• **Problem to solve**: Write out all of the data again, precisely as it appears.

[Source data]
====
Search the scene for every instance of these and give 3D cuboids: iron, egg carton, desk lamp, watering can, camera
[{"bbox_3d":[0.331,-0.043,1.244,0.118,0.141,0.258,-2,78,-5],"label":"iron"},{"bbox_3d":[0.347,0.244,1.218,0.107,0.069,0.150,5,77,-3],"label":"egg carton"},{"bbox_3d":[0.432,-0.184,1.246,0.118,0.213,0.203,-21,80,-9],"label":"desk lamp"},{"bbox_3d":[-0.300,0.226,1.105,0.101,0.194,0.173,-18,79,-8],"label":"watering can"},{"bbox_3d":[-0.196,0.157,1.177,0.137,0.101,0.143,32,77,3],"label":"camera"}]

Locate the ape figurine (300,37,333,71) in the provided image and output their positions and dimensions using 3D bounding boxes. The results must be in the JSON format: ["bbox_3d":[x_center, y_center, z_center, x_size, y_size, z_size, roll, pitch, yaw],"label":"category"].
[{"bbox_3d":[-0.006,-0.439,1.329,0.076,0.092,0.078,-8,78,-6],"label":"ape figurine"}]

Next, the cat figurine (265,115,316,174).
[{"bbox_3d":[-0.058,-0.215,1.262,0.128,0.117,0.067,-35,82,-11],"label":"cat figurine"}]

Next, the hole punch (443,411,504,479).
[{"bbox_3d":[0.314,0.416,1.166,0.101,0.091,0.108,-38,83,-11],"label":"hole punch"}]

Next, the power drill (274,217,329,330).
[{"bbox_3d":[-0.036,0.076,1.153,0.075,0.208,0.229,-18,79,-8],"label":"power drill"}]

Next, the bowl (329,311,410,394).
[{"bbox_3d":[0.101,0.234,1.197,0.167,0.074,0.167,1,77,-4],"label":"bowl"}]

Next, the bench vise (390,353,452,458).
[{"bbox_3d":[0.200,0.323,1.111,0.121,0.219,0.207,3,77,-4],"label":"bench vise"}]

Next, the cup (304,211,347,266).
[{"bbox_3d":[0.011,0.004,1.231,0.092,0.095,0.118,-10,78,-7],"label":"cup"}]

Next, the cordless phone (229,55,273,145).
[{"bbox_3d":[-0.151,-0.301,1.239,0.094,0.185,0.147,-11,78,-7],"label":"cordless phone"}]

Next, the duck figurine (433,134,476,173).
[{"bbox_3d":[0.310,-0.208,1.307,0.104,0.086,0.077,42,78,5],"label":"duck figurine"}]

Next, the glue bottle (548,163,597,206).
====
• **Task output**:
Search the scene for every instance of these and give 3D cuboids: iron, egg carton, desk lamp, watering can, camera
[{"bbox_3d":[0.331,-0.043,1.244,0.118,0.141,0.258,-2,78,-5],"label":"iron"},{"bbox_3d":[0.347,0.244,1.218,0.107,0.069,0.150,5,77,-3],"label":"egg carton"},{"bbox_3d":[0.432,-0.184,1.246,0.118,0.213,0.203,-21,80,-9],"label":"desk lamp"},{"bbox_3d":[-0.300,0.226,1.105,0.101,0.194,0.173,-18,79,-8],"label":"watering can"},{"bbox_3d":[-0.196,0.157,1.177,0.137,0.101,0.143,32,77,3],"label":"camera"}]

Locate the ape figurine (300,37,333,71) in the provided image and output their positions and dimensions using 3D bounding boxes. The results must be in the JSON format: ["bbox_3d":[x_center, y_center, z_center, x_size, y_size, z_size, roll, pitch, yaw],"label":"category"].
[{"bbox_3d":[-0.006,-0.439,1.329,0.076,0.092,0.078,-8,78,-6],"label":"ape figurine"}]

Next, the cat figurine (265,115,316,174).
[{"bbox_3d":[-0.058,-0.215,1.262,0.128,0.117,0.067,-35,82,-11],"label":"cat figurine"}]

Next, the hole punch (443,411,504,479).
[{"bbox_3d":[0.314,0.416,1.166,0.101,0.091,0.108,-38,83,-11],"label":"hole punch"}]

Next, the power drill (274,217,329,330).
[{"bbox_3d":[-0.036,0.076,1.153,0.075,0.208,0.229,-18,79,-8],"label":"power drill"}]

Next, the bowl (329,311,410,394).
[{"bbox_3d":[0.101,0.234,1.197,0.167,0.074,0.167,1,77,-4],"label":"bowl"}]

Next, the bench vise (390,353,452,458).
[{"bbox_3d":[0.200,0.323,1.111,0.121,0.219,0.207,3,77,-4],"label":"bench vise"}]

Next, the cup (304,211,347,266).
[{"bbox_3d":[0.011,0.004,1.231,0.092,0.095,0.118,-10,78,-7],"label":"cup"}]

Next, the cordless phone (229,55,273,145).
[{"bbox_3d":[-0.151,-0.301,1.239,0.094,0.185,0.147,-11,78,-7],"label":"cordless phone"}]

Next, the duck figurine (433,134,476,173).
[{"bbox_3d":[0.310,-0.208,1.307,0.104,0.086,0.077,42,78,5],"label":"duck figurine"}]

Next, the glue bottle (548,163,597,206).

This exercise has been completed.